Antes de adentrar à inovação que a Lei nº 8.429/1992 (atual Lei de Improbidade Administrativa) trouxe ao cenário jurídico nacional, precisamos entender o que, tradicionalmente, a Ordem Jurídica Brasileira, especialmente, no que tange aos ilícitos civis (art. 186 do Código Civil de 2002), adota como sistema de responsabilização.
No nosso Sistema Jurídico, a responsabilização pelos atos ilícitos deve se dar de forma ampla, como preceitua o art. 927, caput e parágrafo único do Código Civil. Isso significa, que a responsabilização geral tem, por fundamento, a teoria da culpa, de tal modo que todo aquele que (por dolo ou culpa) ferir a órbita moral e/ou patrimonial de alguém deverá responder pela indenização pertinente (danos materiais e/ou morais). E, nos casos, que não haja intenção, mas, ainda assim, se concretize, por força do risco da atividade, lesão às órbitas moral e/ou patrimonial do outro, a Lei Civil não desampara o prejudicado, pois no §1°, do art. 927 prevê a responsabilização com fundamento na teoria do risco (responsabilidade objetiva).
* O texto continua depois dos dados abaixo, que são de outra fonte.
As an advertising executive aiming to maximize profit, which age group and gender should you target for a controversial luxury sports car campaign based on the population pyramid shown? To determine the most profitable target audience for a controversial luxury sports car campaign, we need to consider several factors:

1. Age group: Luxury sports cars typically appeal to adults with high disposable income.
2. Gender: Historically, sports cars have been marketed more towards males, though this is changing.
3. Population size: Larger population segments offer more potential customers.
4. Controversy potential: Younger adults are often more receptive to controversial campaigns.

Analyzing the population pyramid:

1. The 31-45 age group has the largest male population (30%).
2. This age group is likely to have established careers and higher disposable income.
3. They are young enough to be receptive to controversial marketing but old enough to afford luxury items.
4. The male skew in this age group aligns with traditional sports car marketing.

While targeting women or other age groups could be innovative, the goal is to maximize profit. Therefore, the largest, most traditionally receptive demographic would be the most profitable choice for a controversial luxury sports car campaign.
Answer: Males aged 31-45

Sendo assim, nosso Sistema Jurídico foi todo moldado para prevenir e reparar os atos ilícitos, seja pela responsabilização subjetiva, seja pela objetiva.
Neste sentido, a atual Lei de Improbidade Administrativa, Lei nº 8.429/1992 adequa-se perfeitamente ao nosso ordenamento, uma vez que prevê responsabilização tanto pelo ato ímprobo doloso como culposo.
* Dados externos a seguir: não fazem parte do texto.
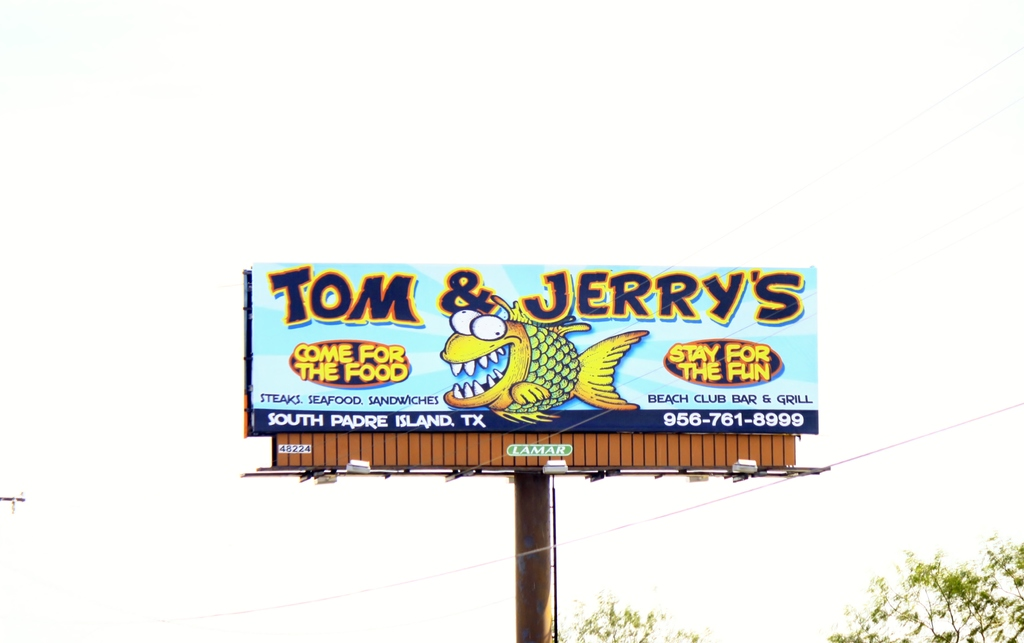What do you think is going on in this snapshot?
 The image features a vibrant billboard for a restaurant named "Tom & Jerry's" located in South Padre Island, Texas. The billboard invites visitors with the catchy slogan "Come for the food, stay for the fun", suggesting a lively and enjoyable dining experience. A cartoon alligator, possibly a mascot, adds a playful touch to the advertisement. The billboard also thoughtfully provides the restaurant's contact number "956-761-8999", making it easy for interested visitors to reach out. 
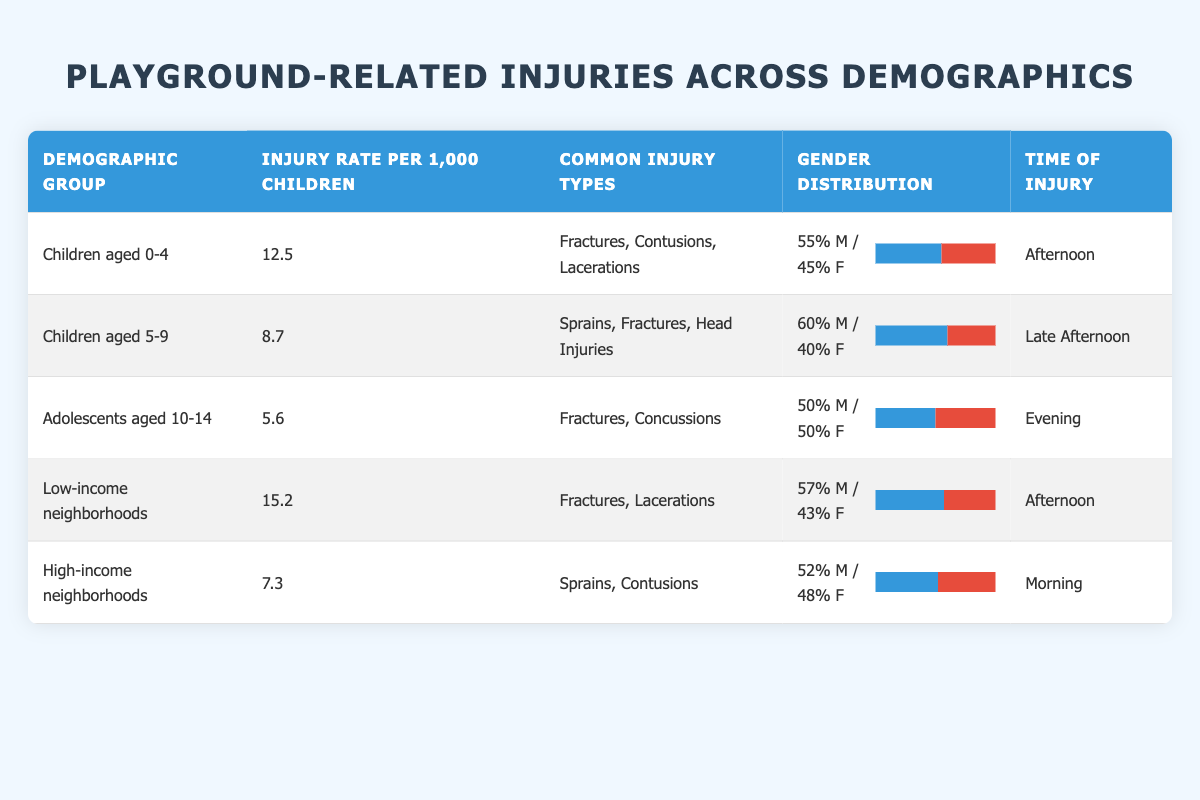What is the injury rate for children aged 0-4? The table lists the injury rate for children aged 0-4 in the column next to their demographic group, which is 12.5 per 1,000 children.
Answer: 12.5 Which demographic group has the highest injury rate? By examining the injury rates in the table, Low-income neighborhoods have the highest rate at 15.2 per 1,000 children.
Answer: Low-income neighborhoods Is the gender distribution for children aged 5-9 skewed towards males? The table shows that in the demographic group of children aged 5-9, the gender distribution is 60% male and 40% female. Since males make up a larger percentage than females, we can conclude it's skewed towards males.
Answer: Yes What are the common injury types for adolescents aged 10-14? The entry for adolescents aged 10-14 lists common injury types as Fractures and Concussions.
Answer: Fractures, Concussions Calculate the average injury rate for all the demographic groups presented in the table. To find the average, sum all the individual injury rates: 12.5 + 8.7 + 5.6 + 15.2 + 7.3 = 49.3. There are 5 groups, so the average injury rate is 49.3 / 5 = 9.86.
Answer: 9.86 Is it true that the time of injury for children in low-income neighborhoods is in the afternoon? According to the table, the time of injury for low-income neighborhoods is listed as Afternoon, thus this statement is true.
Answer: Yes What is the injury rate difference between high-income neighborhoods and children aged 0-4? To calculate the difference: the injury rate for children aged 0-4 is 12.5 and for high-income neighborhoods is 7.3. The difference is 12.5 - 7.3 = 5.2 per 1,000 children.
Answer: 5.2 How does the injury rate for children aged 5-9 compare to that of adolescents aged 10-14? The injury rate for children aged 5-9 is 8.7 while for adolescents aged 10-14 it is 5.6. Therefore, 8.7 is greater than 5.6, showing that children aged 5-9 experience more injuries.
Answer: 8.7 is greater than 5.6 Which demographic group has an equal gender distribution? In the table, the demographic group "Adolescents aged 10-14" shows an equal gender distribution, with 50% male and 50% female.
Answer: Adolescents aged 10-14

Nessa esteira de raciocínio, assenta-se que o Projeto de Lei n° 10.887/2018 (n° atual 2505/2021) trouxe alterações pertinentes neste ponto, pois revoga o art. 5º da redação original da Lei nº 8.429/1992, lançando fora a possibilidade de responsabilização por ação culposa.
Deste modo, a simples revogação deste artigo afasta a expressa previsão de recomposição do patrimônio público, por ação ou omissão, dolosa ou culposa, do agente ou de terceiro, bem como suprime por inteiro o necessário ressarcimento integral do dano.
Neste ponto, sublinha-se o art. 5º da LIA tem ligação indissociável com as disposições dos atos de improbidade constantes nos artigos 9º, 10º e 11º (redação original). No art. 9º (atos de improbidade administrativa que importam enriquecimento ilícito), sabe-se que a presença do elemento subjetivo é evidente, exigindo-se a comprovação do dolo, seja nas condutas comissivas ou omissivas. Bem como, nos arts. 10º-A (ato ímprobo de conceder/manter/aplicar benefícios tributários de forma indevida) e 11° (atos de improbidade administrativa que atentam contra os Princípios da Administração Pública) admite-se responsabilização pela ação ou omissão nos casos de conduta dolosa.
Já, no art. 10° (atos de improbidade administrativa que causam prejuízo ao Erário) admite-se a responsabilização pelo ato ímprobo seja ele doloso ou culposo.
Por conseguinte, observa-se que os mencionados artigos dialogam entre si, apontando ampla responsabilização pelos atos ímprobos e necessária reparação integral do dano e perda de bens auferidos ilegalmente (art. 6º).
Nesse ínterim, importa registrar ainda que há atos culposos que, na prática, possuem maior gravidade que atos dolosos, sobretudo em razão das repercussões que podem ocasionar. Por exemplo, a atuação negligente de um gestor, ao não prestar contas ao órgão concedente ou não apresentar documentação aos órgãos fiscalizadores e administrativos da União pode levar o Município a ficar inadimplente junto ao Governo Federal, impedindo-o de receber transferências voluntárias de outros entes da federação.
Sendo assim, as alterações propostas pelo Projeto de Lei n° 10.887/2018 contradizem a linha principal da redação original da LIA, pois extingue a modalidade culposa de ato de improbidade administrativa, enfraquecendo significativamente a intenção e a força deste normativo.